All of that, though, is still reactive — root cause after something has already broken, the corrective half of CAPA. The preventive half is where the value compounds, and it runs on the same understanding: a mechanism you can explain is a mechanism you can anticipate. At ATL, that understanding feeds the front of the line, not just the investigation file — design of experiments to map a process window and find its edges before a part reaches production, prototyping to identify failure modes while they're still cheap to fix, on a bench rather than in the field.

It is the same verification discipline, aimed forward instead of back, and it pays twice: patients are protected by devices whose failure modes were designed out rather than inspected for, and those devices reach the market faster, because the surprises that wreck a timeline get predicted and removed before validation, not discovered during it. Catching the failure protects this batch. Preventing it protects every batch after — and the patient who never knew there was a risk.

Conclusion

The gap between the blacksmith and the modern engineer isn't talent or attention — it's understanding. The smith worked with materials he couldn't fully explain, validated by outcomes he couldn't always control. We work with mechanisms we can name, test conditions we can define, and verification loops we can close before any patient is exposed to a risk.

That understanding is the foundation of everything that follows in this series — from materials selection and process design to the manufacturing tolerances that determine whether a device performs as designed. The next article explores one of the most demanding examples: ceramic isolator design and the precision tooling required to manufacture RF ceramic components reliably at scale.

FAQ

Verification of effectiveness (VoE) is the step in a CAPA process that confirms a corrective action actually solved the problem — and that the solution holds. It's not enough to implement a fix; you have to demonstrate that the root cause has been addressed and the failure mode no longer occurs under the same conditions.

Root cause analysis moves beyond the visible failure to identify the underlying mechanism driving it. In a regulated environment, correctly identifying the root cause is essential — corrective actions built on a misdiagnosis will fail to prevent recurrence and may introduce new risks.

Reactive engineering addresses failures after they occur — investigating root causes, implementing corrections, and verifying effectiveness. Preventive engineering applies the same understanding of failure mechanisms earlier in the development process, using design of experiments, prototyping, and failure mode analysis to identify and eliminate risks before a device reaches production or validation.

CAPA stands for Corrective and Preventive Action — a formal process required under ISO 13485 and FDA regulations for identifying, investigating, and resolving quality issues. The corrective half addresses existing failures; the preventive half uses that understanding to anticipate and eliminate potential failures before they occur.

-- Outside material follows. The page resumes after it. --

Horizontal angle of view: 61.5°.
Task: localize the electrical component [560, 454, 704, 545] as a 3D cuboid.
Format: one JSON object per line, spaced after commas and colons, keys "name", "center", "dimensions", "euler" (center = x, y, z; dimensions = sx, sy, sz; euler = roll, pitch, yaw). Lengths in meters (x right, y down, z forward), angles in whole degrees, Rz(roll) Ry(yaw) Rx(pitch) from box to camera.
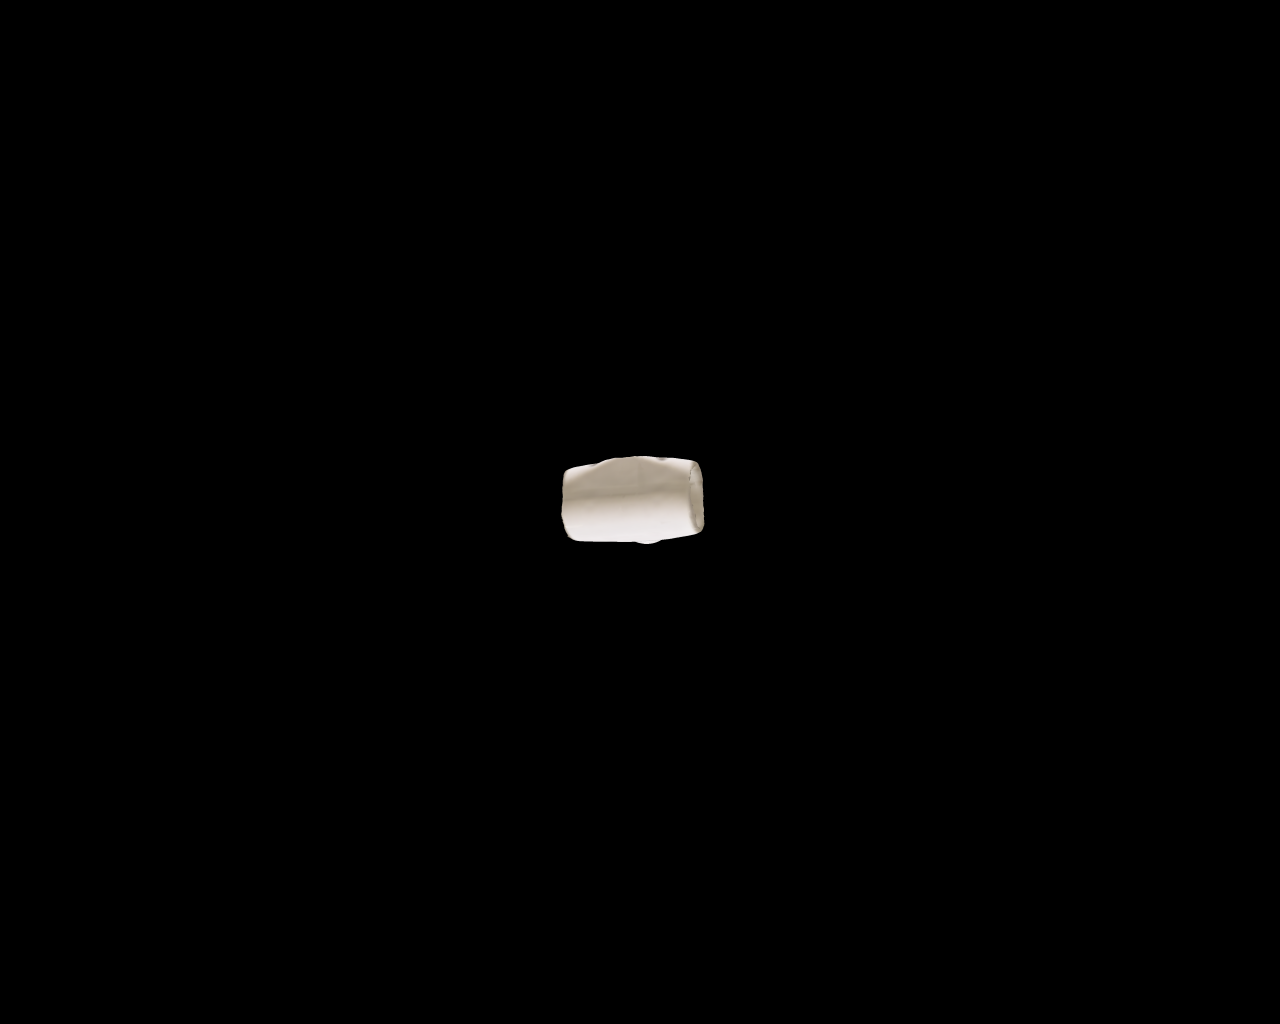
{"name": "electrical component", "center": [0.001, -0.003, 0.650], "dimensions": [0.077, 0.044, 0.079], "euler": [-4, -15, 14]}

Surface finish directly influences where fatigue cracks initiate. Stress concentrations are strongly influenced by surface quality and feature geometry — a rough surface or a sharp feature transition creates local stress amplification that can significantly reduce the number of cycles a component can survive before failure, even when bulk material properties are within specification.

A test placed at the wrong point in a manufacturing sequence can pass components that are unfit in their finished condition. If a process step that affects a critical property occurs after the inspection designed to catch that property change, the inspection provides false assurance. Test sequencing must reflect the actual sequence of process steps that affect the property being measured.